Com esses encantos, a praia se internacionalizou, transformou-se no mais importante cartão-postal do Estado e passou a atrair o que há de melhor e pior na atividade do turismo. Pousadas bem equipadas para receber autoridades e qualquer pessoa em evidência da mídia se misturam com becos que somem em dunas, e onde se instalam os casebres, que antes se associavam tão-somente à vida rústica dos nativos, hoje despertam suspeitas da Polícia de serem locais de boca-de-fumo e ponto-de-vendas outras drogas. As batidas são raras, porque falta efetivo policial e, na dúvida, seus moradores não são incomodados pelas autoridades.
De lugar recatado e frequentado pelos amantes da paz e das belezas naturais, Jericoacoara viu suas restingas, presumidamente defendidas por lei federal, se mancharem de sangue. A guerra do tráfico de drogas deixou de ser algo comum aos grandes centros, para se enraizar num pedaço do litoral, a 330 quilômetros de Fortaleza.
Mazela
O promotor de Justiça da Comarca de Jijoca de Jericoacoara, Rodrigo Manso Damasceno, diz que o tráfico de drogas é hoje a maior mazela do lugar. O recente triplo assassinato, ocorrido em 19 de dezembro passado, em que a Polícia investiga os vestígios de luta pela demarcação de território, acendeu a luz vermelha de que o paraíso litorâneo é hoje disputado de modo caro e sangrento por conta do narcotráfico.
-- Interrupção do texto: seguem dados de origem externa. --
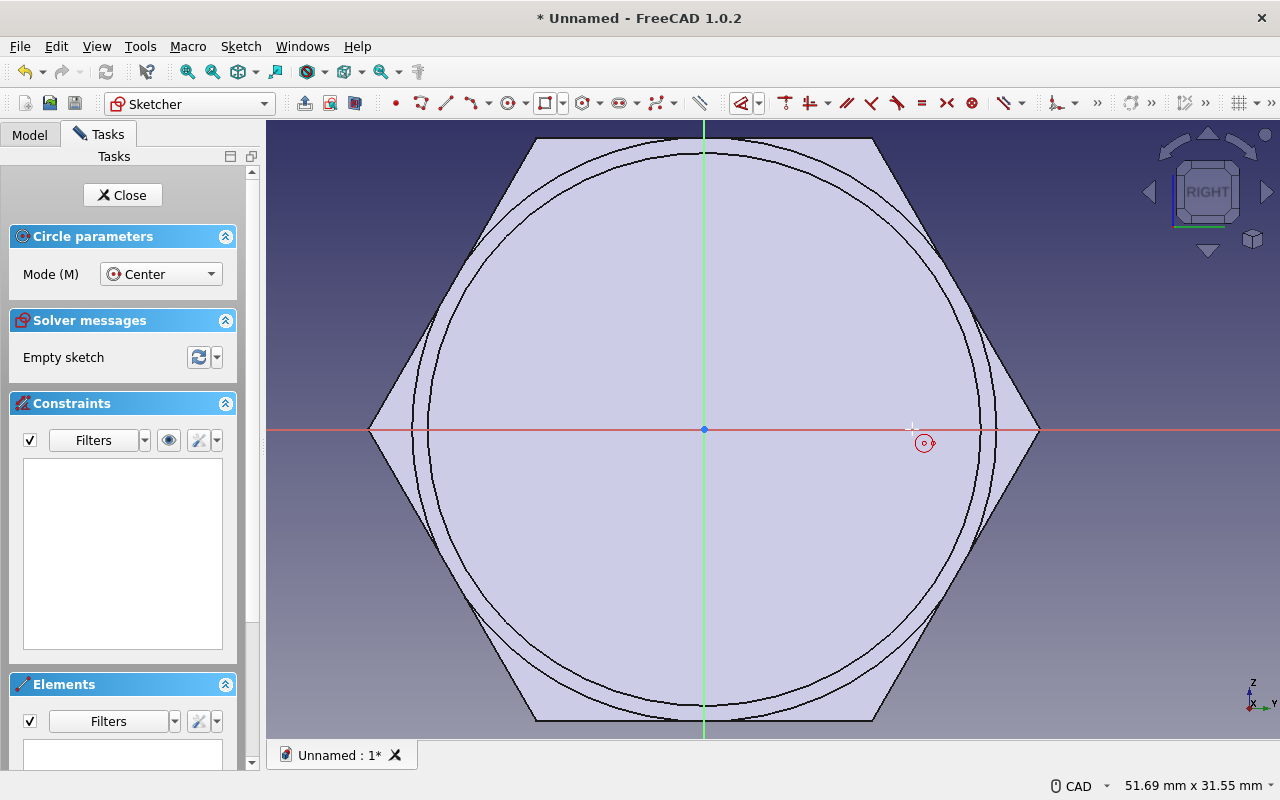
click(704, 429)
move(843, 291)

“Não temos uma prostituição explícita, mas não é descartada, assim como não são tão sérios os crimes contra o patrimônio. No entanto, são ações que inevitavelmente se intensificarão se não combatermos o tráfico de drogas”, afirma Rodrigo.
Aos 31 anos, carioca, Rodrigo sabe que o desafio de representar o Ministério Público em Jijoca de Jericoacoara está longe ser uma atividade tão pacata como o lugar já inspirou essa sensação no passado. Ele lembra que o trabalho fica comprometido a partir da falta de estrutura do Poder Judiciário, uma comarca que foi recentemente desmembrada de Cruz, e da Polícia Civil, que conta com uma delegada e um escrivão.
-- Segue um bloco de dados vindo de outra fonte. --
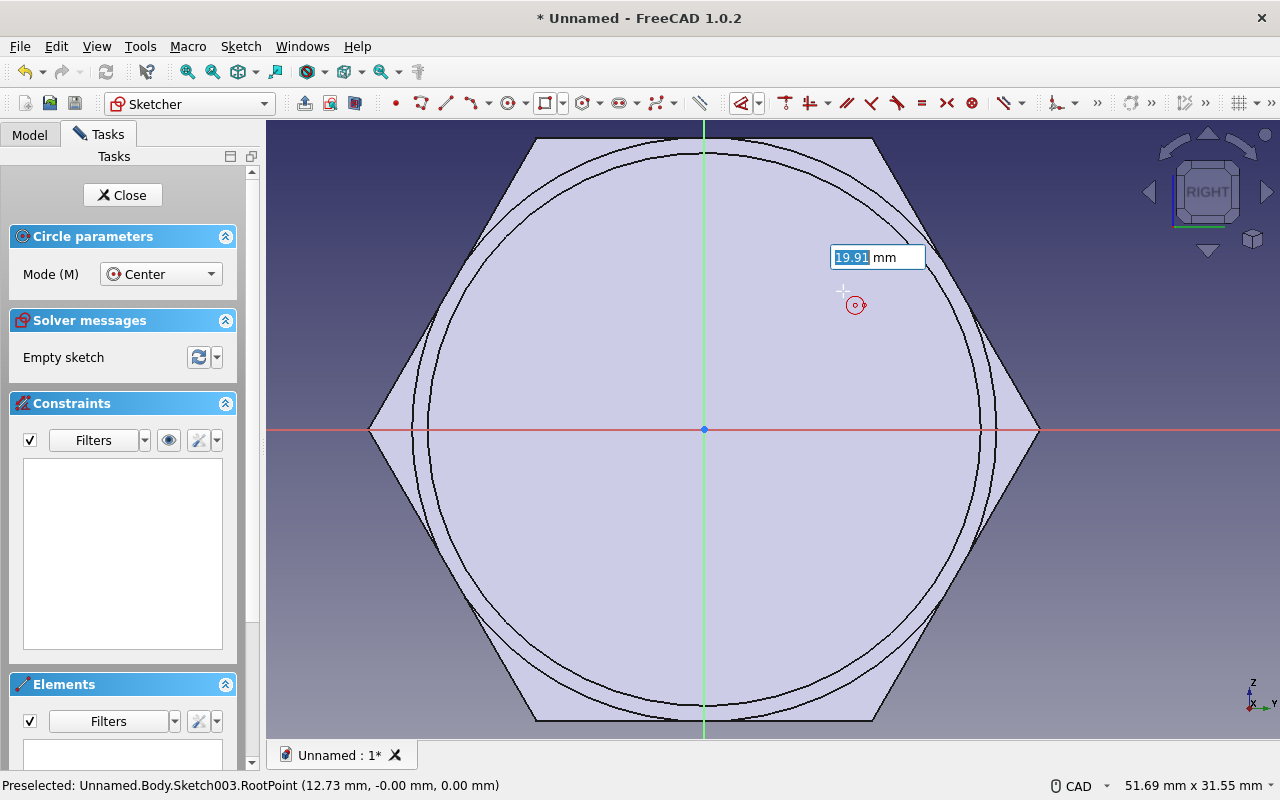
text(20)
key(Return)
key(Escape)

Ele assumiu o cargo em 7 de dezembro do ano passado. Imediatamente, defrontou-se com assassinatos, represálias entre grupos de traficantes e uma justiça atolada em mais de 1.700 processo em andamento e somente um juiz para atender, todas as demandas.
Eis porque, conforme ressalta Rodrigo, se mantém uma fiscalização frouxa na atuação dos conselhos tutelares. A falta de um juizado de menores não permite que se faça esse acompanhamento e daí se verifica a livre presença de meninos e meninas, com idade inferior a 18 ano, frequentando noitadas em boates e casas de forró.
Juliana tem 14 anos e mora em Cruz. Ela diz que não é natural se deslocar de seu município para desfrutar o fim de semana de Jericoacoara. Com um grupo de amigos, se sentem protegidos e distantes da batalha violenta travada por traficantes, ciosos em manter o rico território ocupado por viciados com alto poder aquisitivo.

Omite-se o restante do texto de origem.